Humans show faster task switching with more practice on the tasks involved. In our model, we saw that the gates change faster as weights specialize to the tasks, which facilitated faster adaptation after block switches. NTA shows a qualitative fit (Fig. 8) to humans trained on alternating tasks [Steyvers et al., 2019]. In contrast, a forgetful model shows a deceleration, possibly due to being far from optimal initialization [Dohare et al., 2024] after task switches.

Figure 8: Comparing performance after a task switch in humans and NTA model.

Figure 8:

A. Steyvers et al. [2019] report performance of humans learning two alternating tasks (CC BY-NC-ND 4.0 license). B. After a block switch, loss comparison between the flexible (left) and the forgetful (right) NTA model shows opposite trends with further training on switching speed. Bars are standard error with 10 seeds.

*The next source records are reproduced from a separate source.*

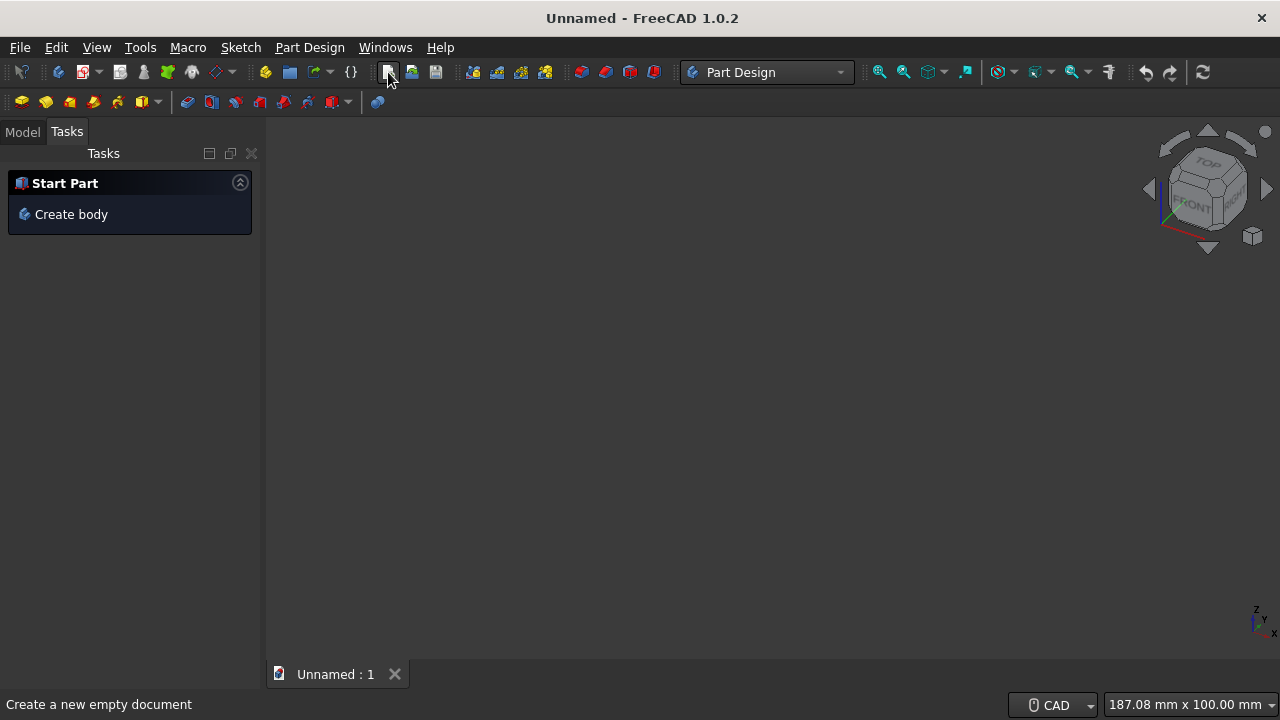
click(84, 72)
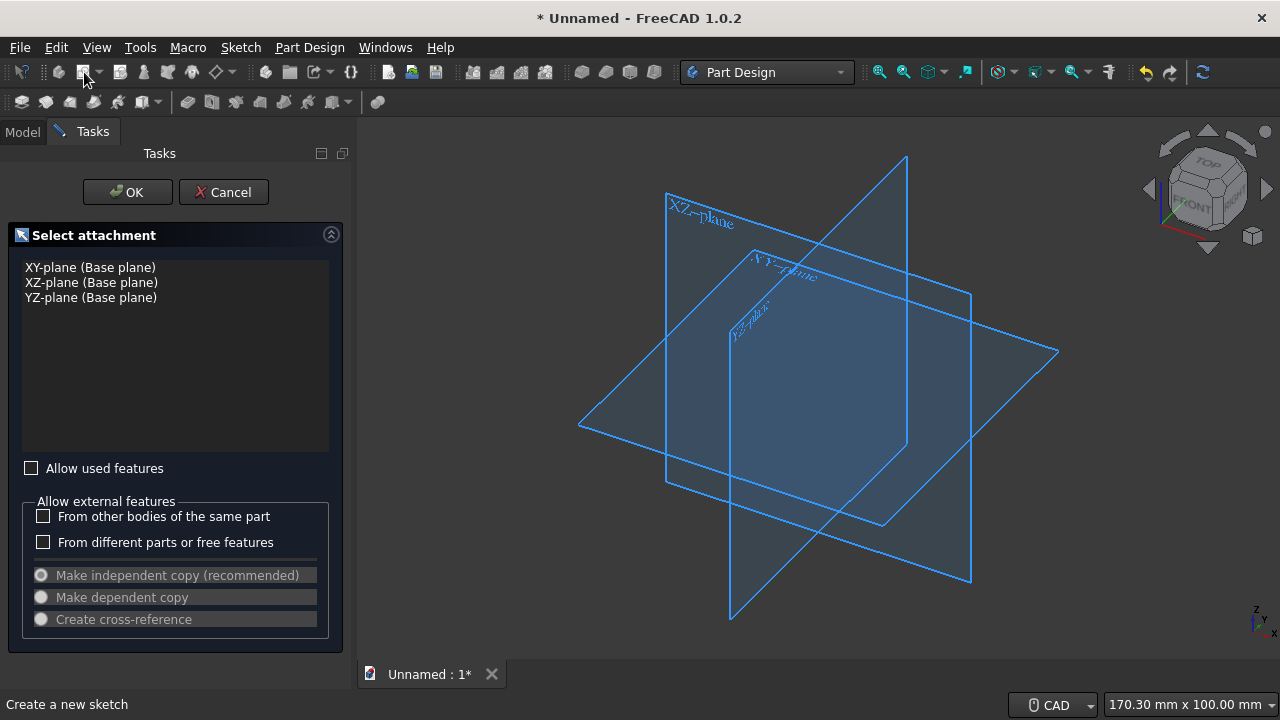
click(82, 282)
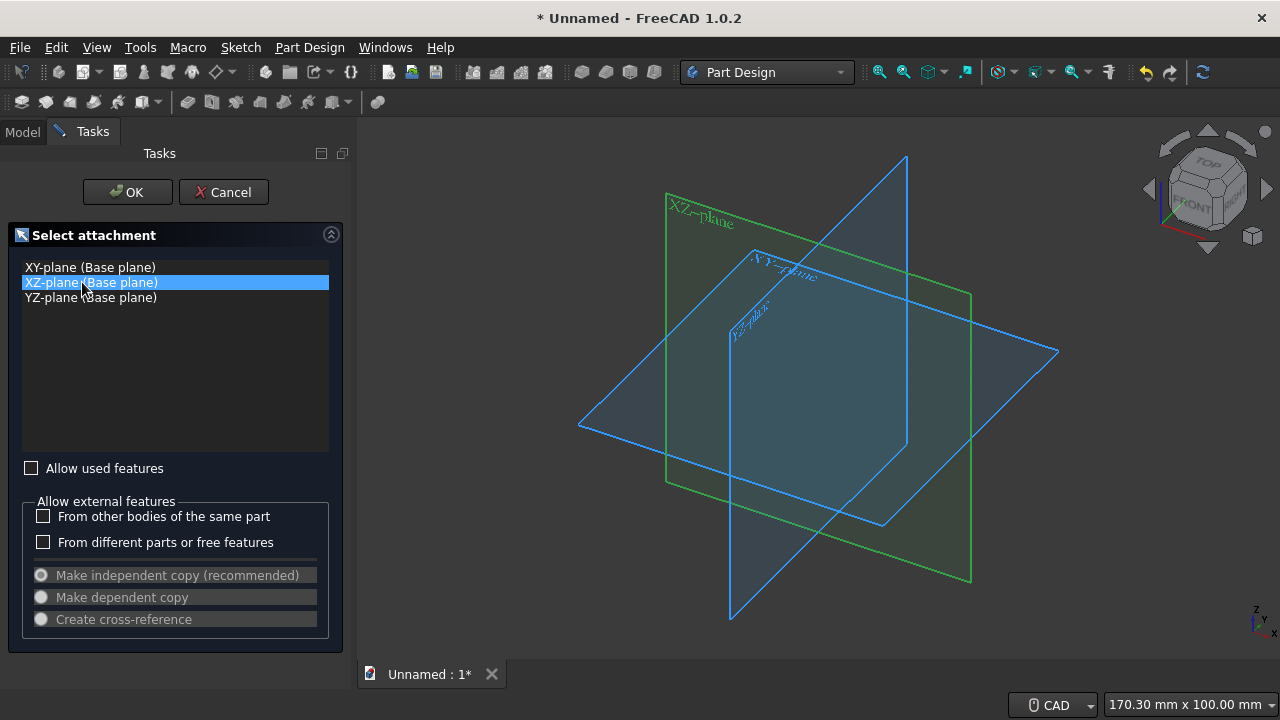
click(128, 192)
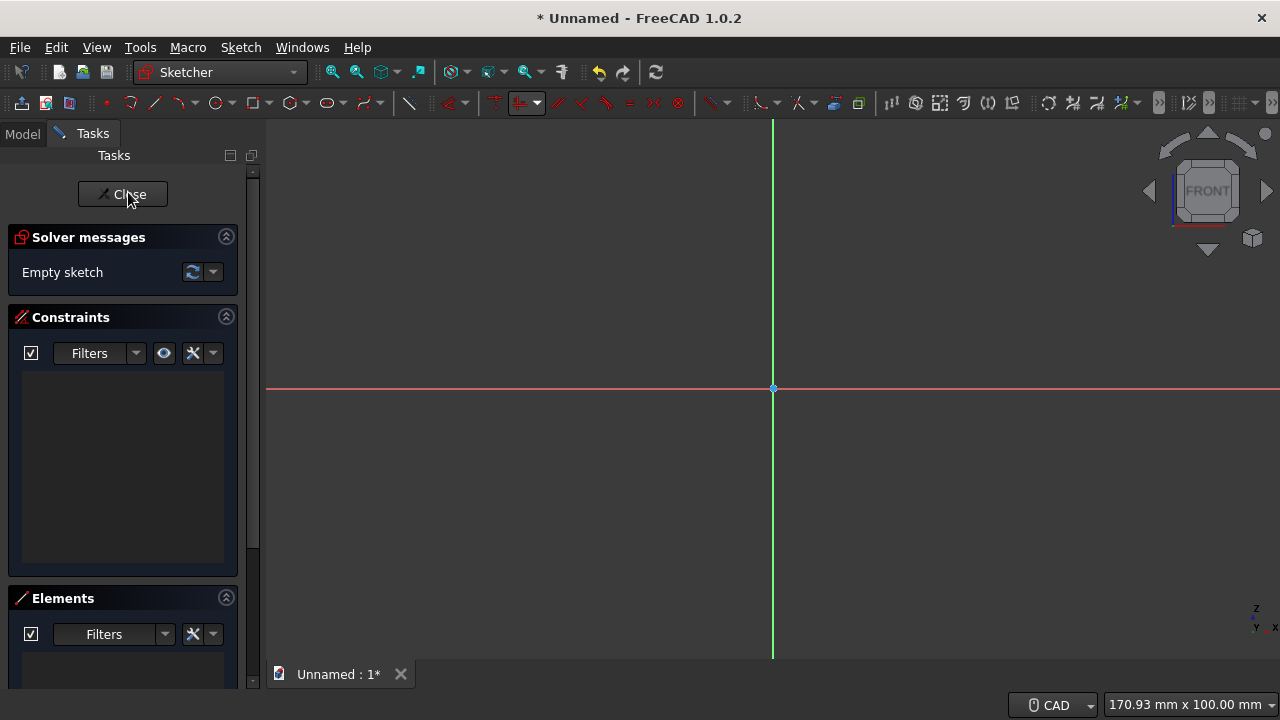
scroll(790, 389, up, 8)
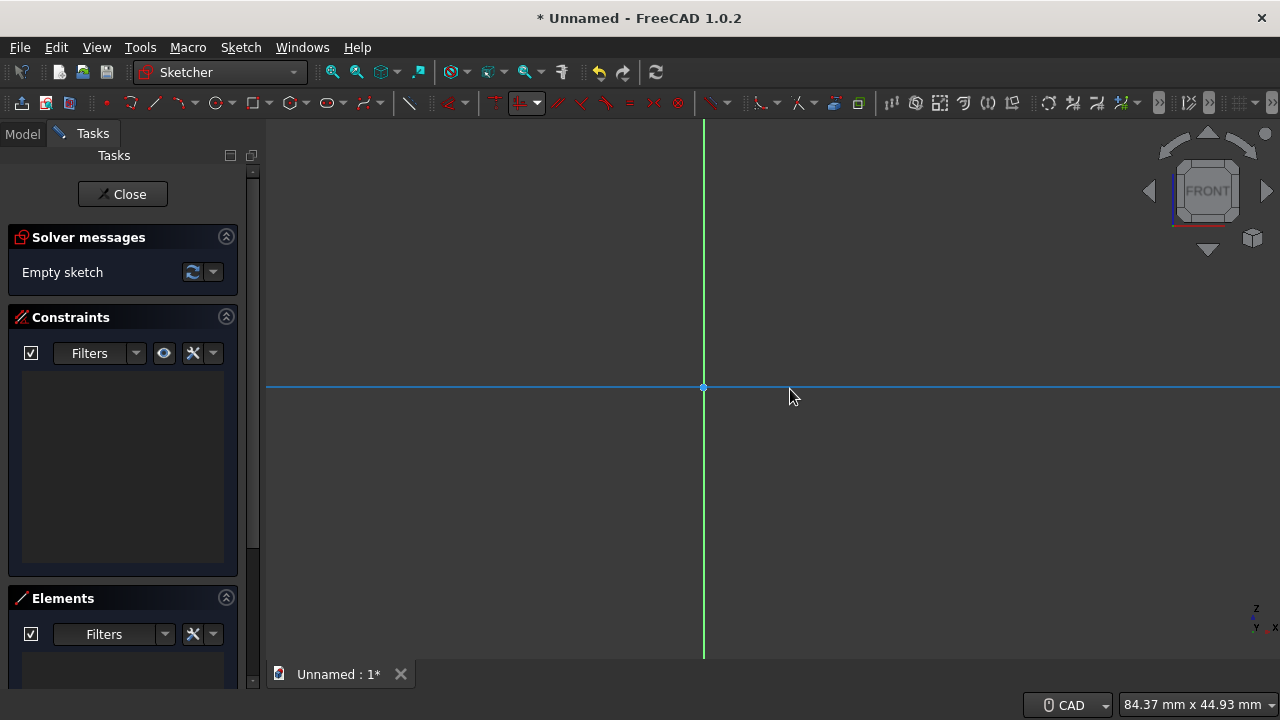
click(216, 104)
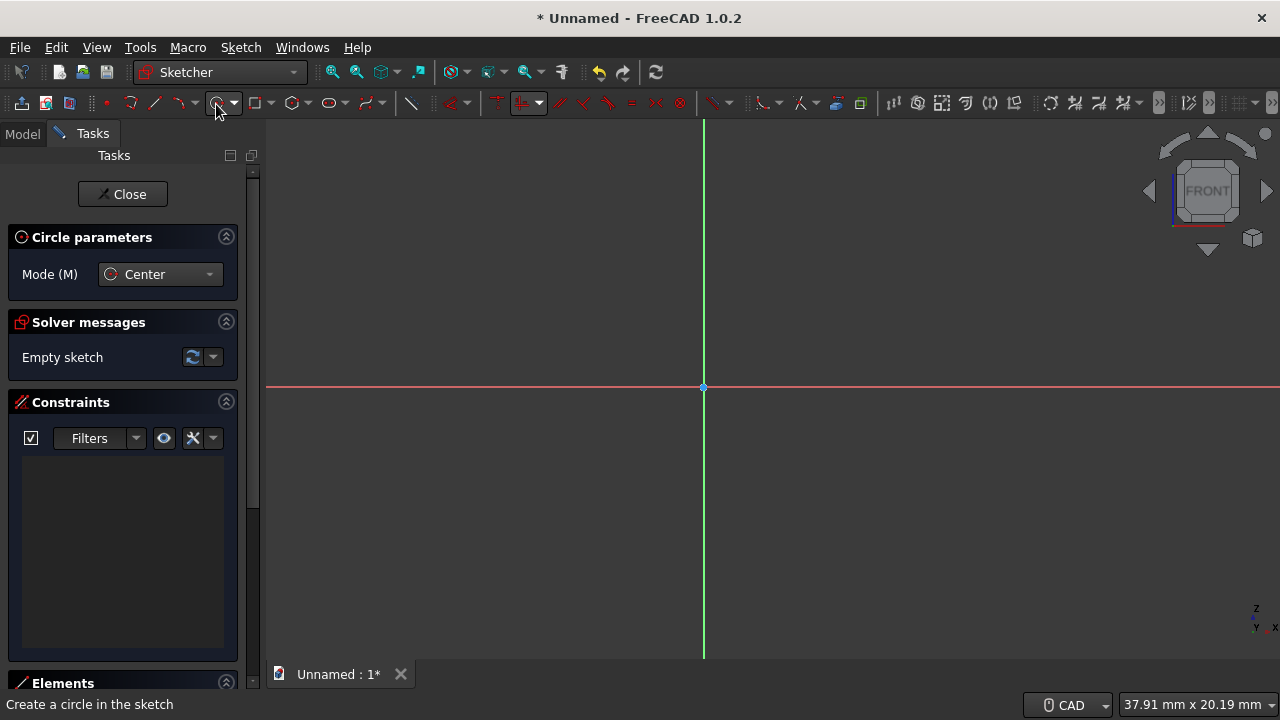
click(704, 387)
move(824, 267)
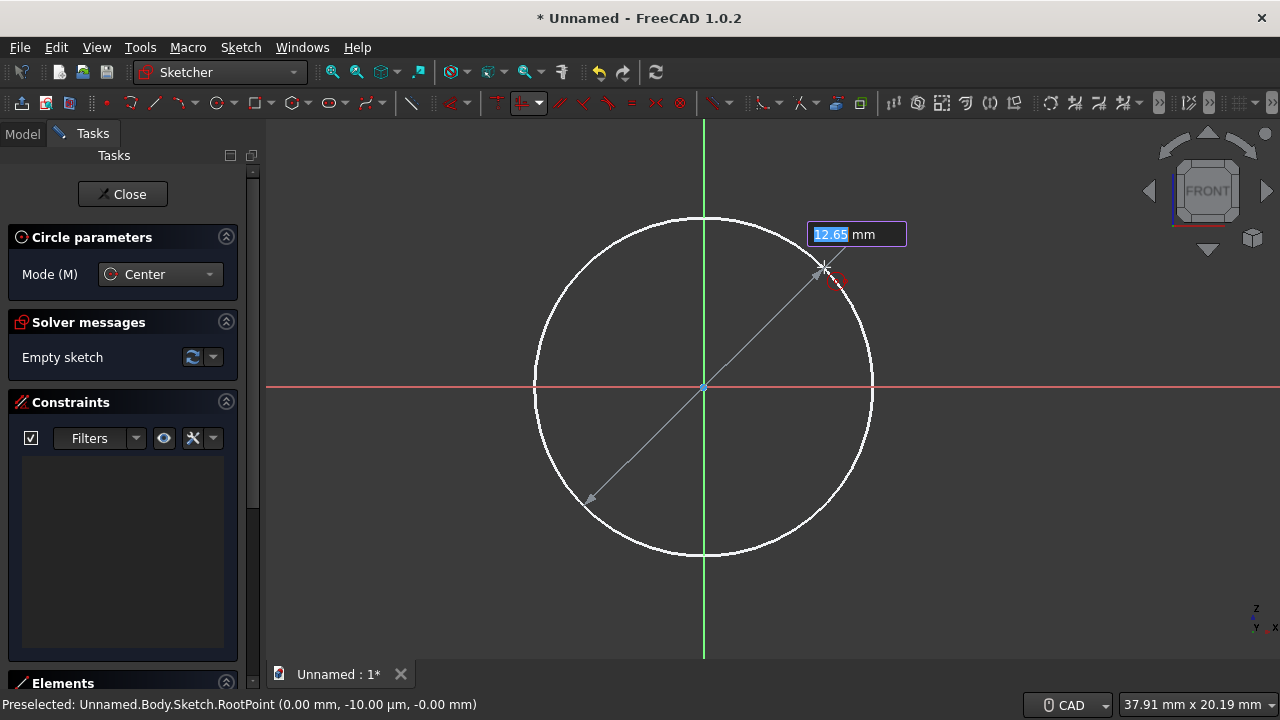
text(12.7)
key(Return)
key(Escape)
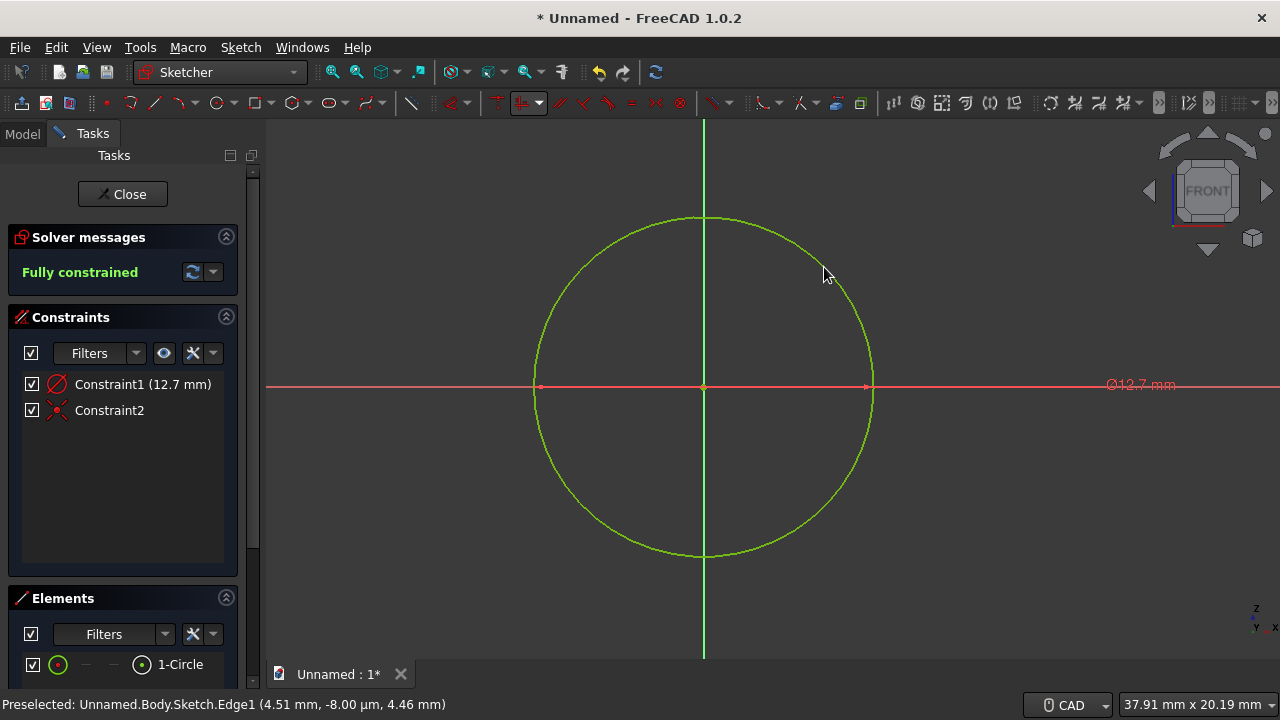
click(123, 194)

10. Conclusions and future work

This study demonstrates how task abstraction and cognitive flexibility can emerge in neural networks trained through joint gradient descent on weights and gating variables. Simple constraints on the gating variables induce gradient descent dynamics that lead to the flexible regime. In this regime, the weights self-organize into task-specialized modules, with gating variables facilitating rapid task switching. Analytical reductions revealed a virtuous cycle: specialized weights enable faster gating, while flexible gating protects and accelerates weight specialization. This contrasts with the forgetful regime in which knowledge is continually forgotten and re-learned after task switches. The constraints necessary for reaching the flexible regime are appropriate regularization, differential learning rates, and sufficient task block length. These mirror properties of biological neurons and beneficial learning settings identified in cognitive science.

The mechanistic understanding of how task abstraction arises in neural systems might bridge artificial neural networks and biological cognition, offering a foundation for future exploration of adaptive and compositional generalization in dynamic environments. While this study focuses on simple two-layer networks, the framework is applicable to other non-linear architectures such as recurrent networks or Transformer architectures. We see future work providing additional architectures and real-world applications of the framework.

Acknowledgements

We thank Stefano Sarao Mannelli and Pedro A.M. Mediano for thoughtful discussions. We would also like to acknowledge and thank the organizers of the Analytical Connectionism Summer School, at which AP, JB, and KS first met. AH is funded by Collaborative Research in Computational Neuroscience award (R01-MH132172). AP is funded by the Imperial College London President’s PhD Scholarship. KS is funded by a Cusanuswerk Doctoral Fellowship. JB is supported by the Gatsby Charitable Foundation (GAT3850). This work was supported by a Sir Henry Dale Fellowship from the Wellcome Trust and Royal Society (216386/Z/19/Z) to AS, and the Sainsbury Wellcome Centre Core Grant from Wellcome (219627/Z/19/Z) and the Gatsby Charitable Foundation (GAT3755).

Appendix

Overview

We structure the Appendix as follows:

We first provide additional material on our results in Appendix A. Appendix A.1 derives the reduction to the 2D equivalent model. Appendix A.2 shows that even without a differential timescale between gates and weights, high-rank students will learn more slowly compared to gates. Appendix A.3 shows that networks with more paths than teachers will split their representations across paths unless a cost is associated with representation. Appendix A.4 provides simulations and derivations on how gating behavior emerges in an architecture without explicit pathways but with two layers, where one layer emergently takes on the role of gates, and the second layer becomes compartmentalized. Appendix A.4 contains additional results for the fully-connected network. Appendix A.5 shows how the specialized representation incentivized by the virtuous cycle discussed in the main text leads to a faster reduction in loss compared to an unspecialized solution. Appendix A.6 provides an approximate theoretical explanation for the beneficial effect of long blocks towards specialization through symmetry breaking in an effective potential. Appendix A.7 provides approximate closed-form solutions when operating in the flexible regime. Appendix A.8 provides detail on how the model generalizes to new tasks by leveraging existing abstractions. Appendix A.9 shows that the flexible regime largely persists and slowly decays when the orthogonality assumption between teachers is relaxed. Appendix A.10 shows that the model can adapt in a few-shot fashion after a block switch, extending the results from the main text where gradients are calculated on many samples.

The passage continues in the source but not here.